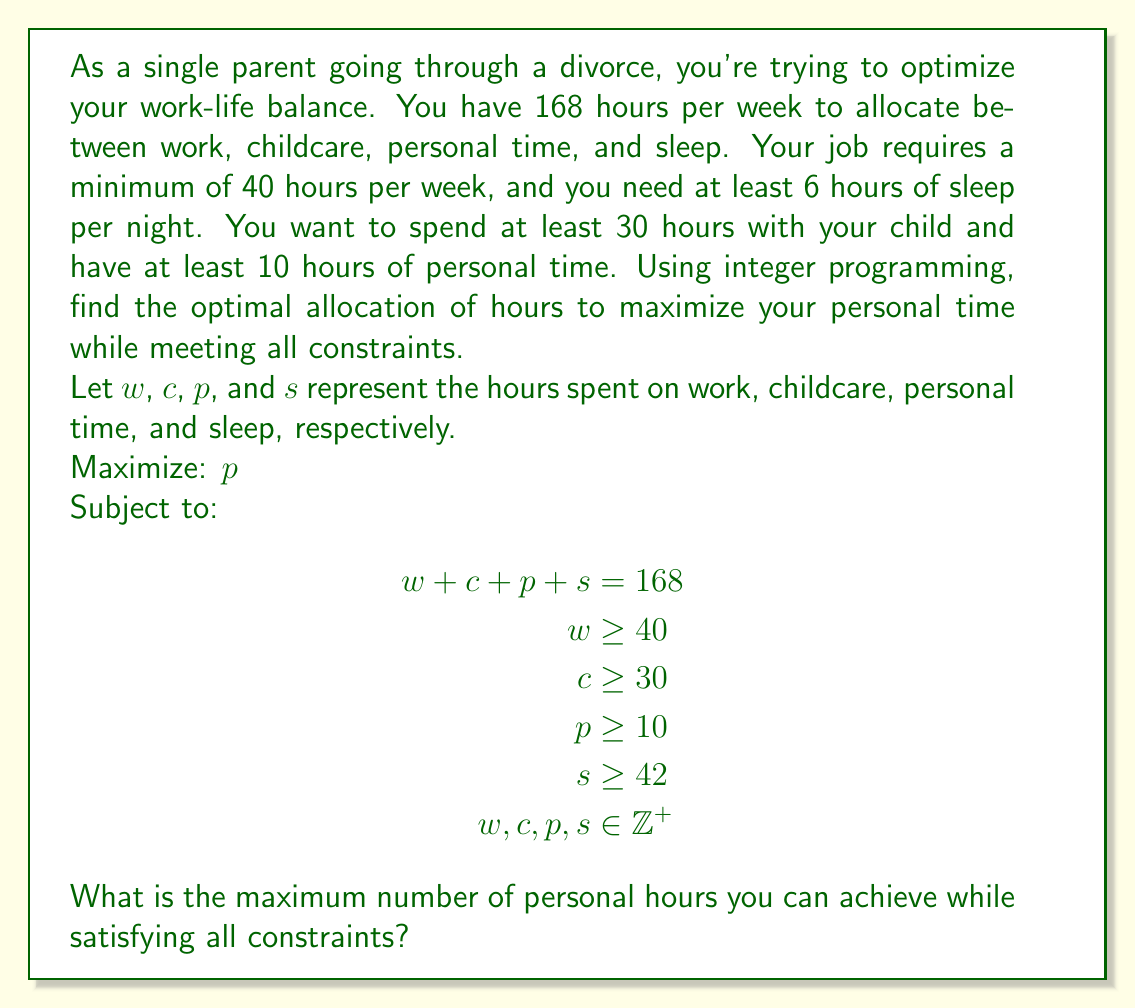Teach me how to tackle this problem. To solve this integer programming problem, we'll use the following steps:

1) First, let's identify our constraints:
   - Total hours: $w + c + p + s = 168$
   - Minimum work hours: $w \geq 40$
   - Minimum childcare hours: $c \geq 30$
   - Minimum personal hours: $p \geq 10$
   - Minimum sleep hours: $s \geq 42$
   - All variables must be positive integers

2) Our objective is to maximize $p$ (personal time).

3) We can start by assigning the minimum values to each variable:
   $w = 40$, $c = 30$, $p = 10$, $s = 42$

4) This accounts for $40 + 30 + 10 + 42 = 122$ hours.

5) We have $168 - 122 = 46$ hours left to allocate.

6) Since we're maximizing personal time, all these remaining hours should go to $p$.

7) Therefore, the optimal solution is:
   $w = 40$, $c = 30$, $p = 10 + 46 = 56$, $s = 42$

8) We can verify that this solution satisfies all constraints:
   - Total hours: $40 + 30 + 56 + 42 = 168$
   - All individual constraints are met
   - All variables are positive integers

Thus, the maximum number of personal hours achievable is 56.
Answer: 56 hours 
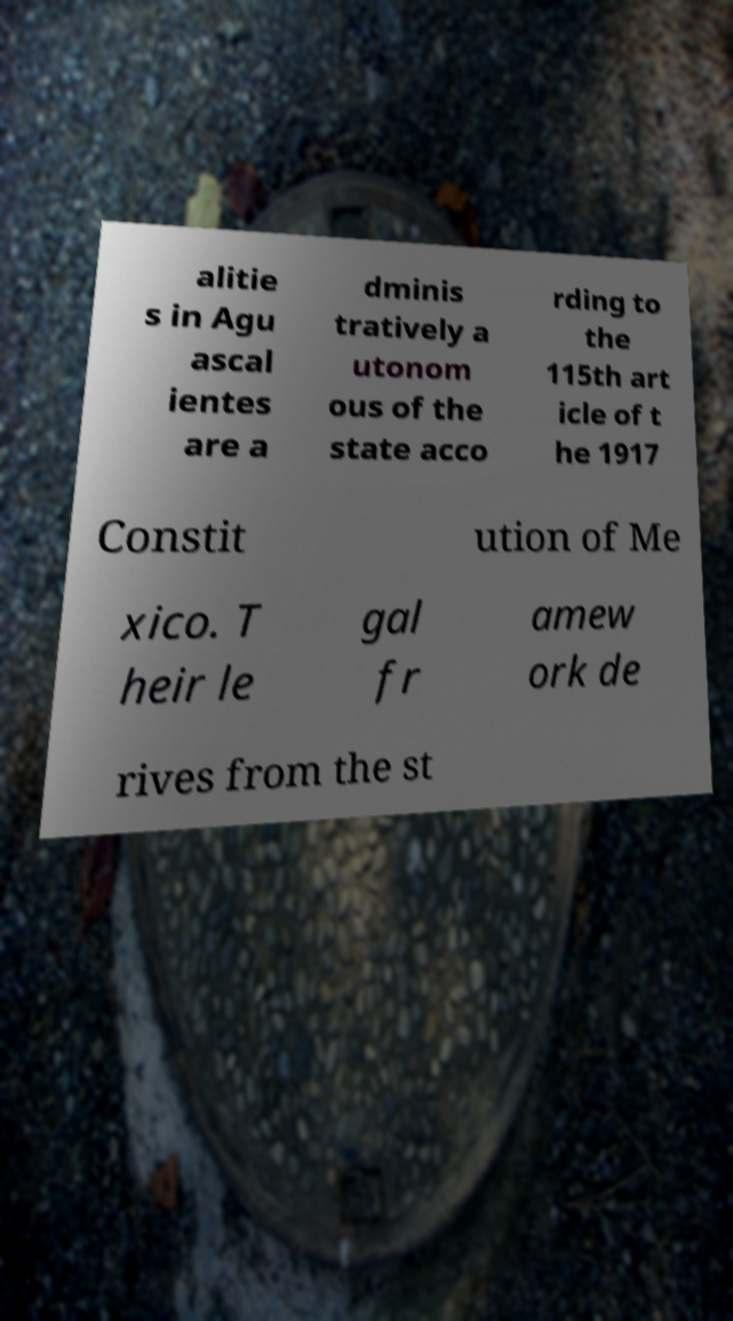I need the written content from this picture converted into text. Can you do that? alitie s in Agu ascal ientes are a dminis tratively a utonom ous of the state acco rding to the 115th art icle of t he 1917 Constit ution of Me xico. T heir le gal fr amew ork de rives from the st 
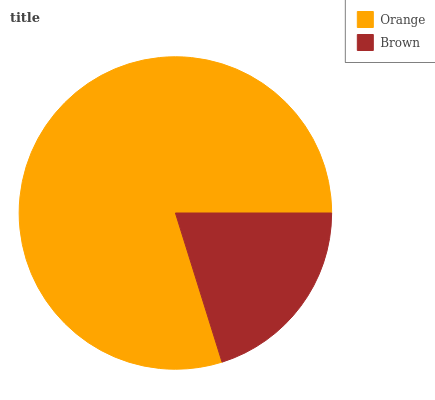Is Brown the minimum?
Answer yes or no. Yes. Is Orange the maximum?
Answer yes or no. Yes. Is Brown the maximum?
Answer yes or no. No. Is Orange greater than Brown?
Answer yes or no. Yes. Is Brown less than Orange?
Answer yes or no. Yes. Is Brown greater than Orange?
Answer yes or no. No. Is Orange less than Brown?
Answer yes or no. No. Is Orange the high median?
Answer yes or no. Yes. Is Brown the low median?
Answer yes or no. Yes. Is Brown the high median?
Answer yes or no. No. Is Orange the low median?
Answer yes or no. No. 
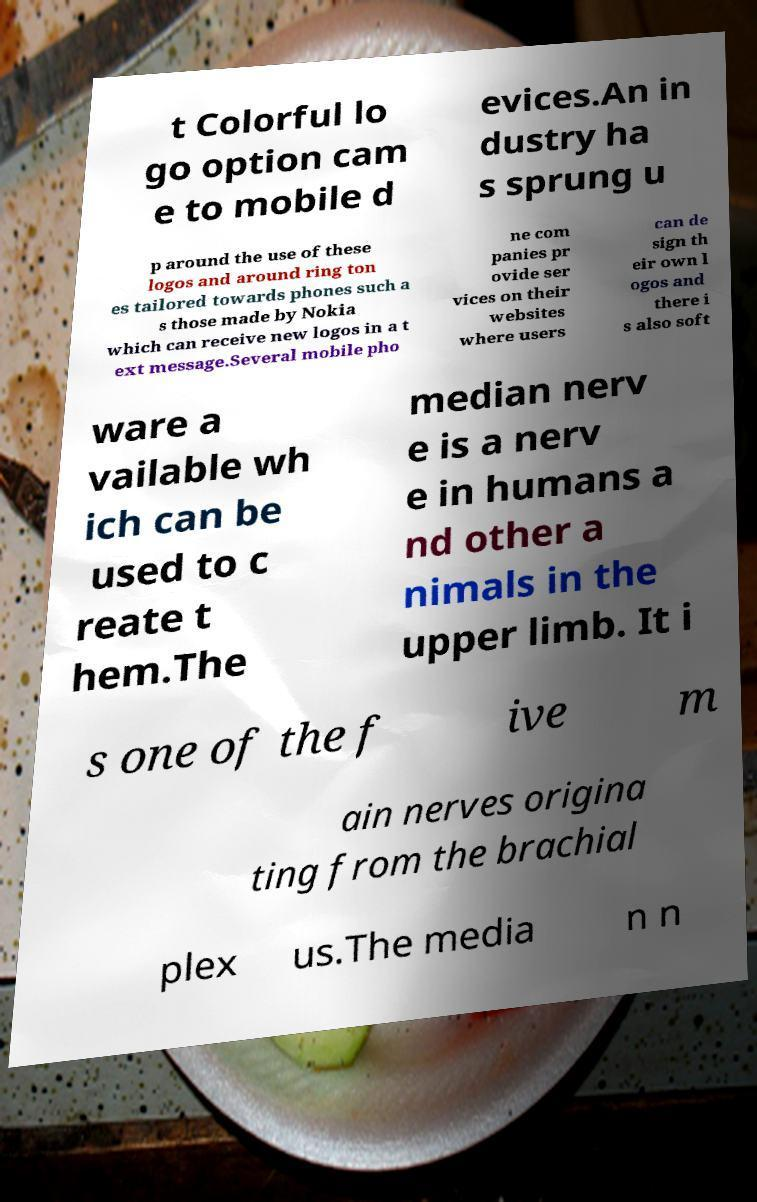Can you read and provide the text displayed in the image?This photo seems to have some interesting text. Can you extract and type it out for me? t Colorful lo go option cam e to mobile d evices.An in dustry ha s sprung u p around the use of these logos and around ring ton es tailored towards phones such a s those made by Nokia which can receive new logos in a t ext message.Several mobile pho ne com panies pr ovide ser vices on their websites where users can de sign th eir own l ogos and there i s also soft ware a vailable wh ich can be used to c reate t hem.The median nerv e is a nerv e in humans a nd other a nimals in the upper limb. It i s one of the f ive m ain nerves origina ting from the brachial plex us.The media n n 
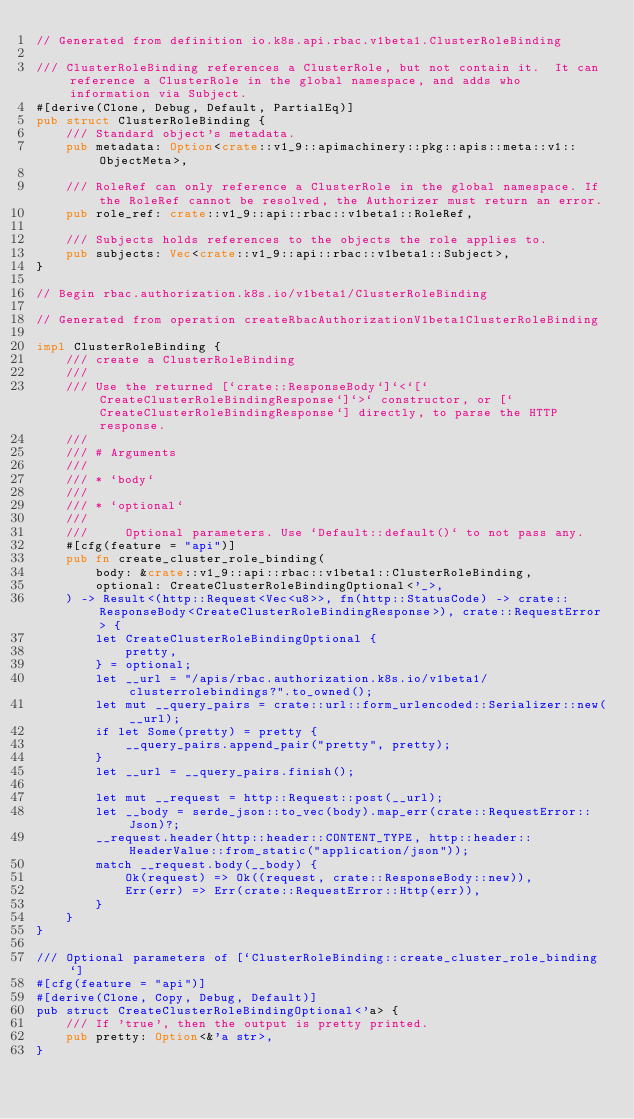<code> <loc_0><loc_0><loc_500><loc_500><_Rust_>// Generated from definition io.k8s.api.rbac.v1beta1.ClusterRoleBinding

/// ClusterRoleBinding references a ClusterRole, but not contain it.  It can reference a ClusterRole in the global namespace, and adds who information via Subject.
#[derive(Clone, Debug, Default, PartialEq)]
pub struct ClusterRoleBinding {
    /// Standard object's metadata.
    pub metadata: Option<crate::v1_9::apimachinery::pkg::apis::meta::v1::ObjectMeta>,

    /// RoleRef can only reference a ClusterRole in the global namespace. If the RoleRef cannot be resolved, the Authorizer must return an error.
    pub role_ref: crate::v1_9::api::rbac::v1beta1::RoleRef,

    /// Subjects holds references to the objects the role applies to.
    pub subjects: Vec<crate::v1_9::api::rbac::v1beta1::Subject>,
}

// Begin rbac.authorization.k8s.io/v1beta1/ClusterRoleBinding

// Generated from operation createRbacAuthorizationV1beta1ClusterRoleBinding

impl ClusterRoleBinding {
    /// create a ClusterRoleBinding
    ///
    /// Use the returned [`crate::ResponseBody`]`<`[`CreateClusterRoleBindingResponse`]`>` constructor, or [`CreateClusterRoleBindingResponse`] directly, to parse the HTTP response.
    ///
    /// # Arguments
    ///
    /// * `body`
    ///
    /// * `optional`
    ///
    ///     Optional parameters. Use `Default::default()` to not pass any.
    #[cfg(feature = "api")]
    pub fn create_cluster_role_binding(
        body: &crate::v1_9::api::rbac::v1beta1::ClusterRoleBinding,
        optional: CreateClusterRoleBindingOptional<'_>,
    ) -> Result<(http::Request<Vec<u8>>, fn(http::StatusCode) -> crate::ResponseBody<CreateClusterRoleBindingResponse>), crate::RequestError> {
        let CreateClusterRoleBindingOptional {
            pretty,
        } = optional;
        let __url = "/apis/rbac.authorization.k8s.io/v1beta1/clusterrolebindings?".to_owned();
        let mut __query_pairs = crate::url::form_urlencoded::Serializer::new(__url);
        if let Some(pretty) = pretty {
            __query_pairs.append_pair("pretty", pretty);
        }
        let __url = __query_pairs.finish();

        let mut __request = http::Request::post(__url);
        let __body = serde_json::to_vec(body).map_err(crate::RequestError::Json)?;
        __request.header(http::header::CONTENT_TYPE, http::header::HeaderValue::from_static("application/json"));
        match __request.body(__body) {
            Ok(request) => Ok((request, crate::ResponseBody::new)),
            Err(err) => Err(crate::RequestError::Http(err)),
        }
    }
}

============

__WORK ITEM__:
Filter the material for the word "personal" and copy each matching line.

__OUTPUT__:
   - Minimum personal hours: $p \geq 10$
2) Our objective is to maximize $p$ (personal time).
6) Since we're maximizing personal time, all these remaining hours should go to $p$.
Thus, the maximum number of personal hours achievable is 56.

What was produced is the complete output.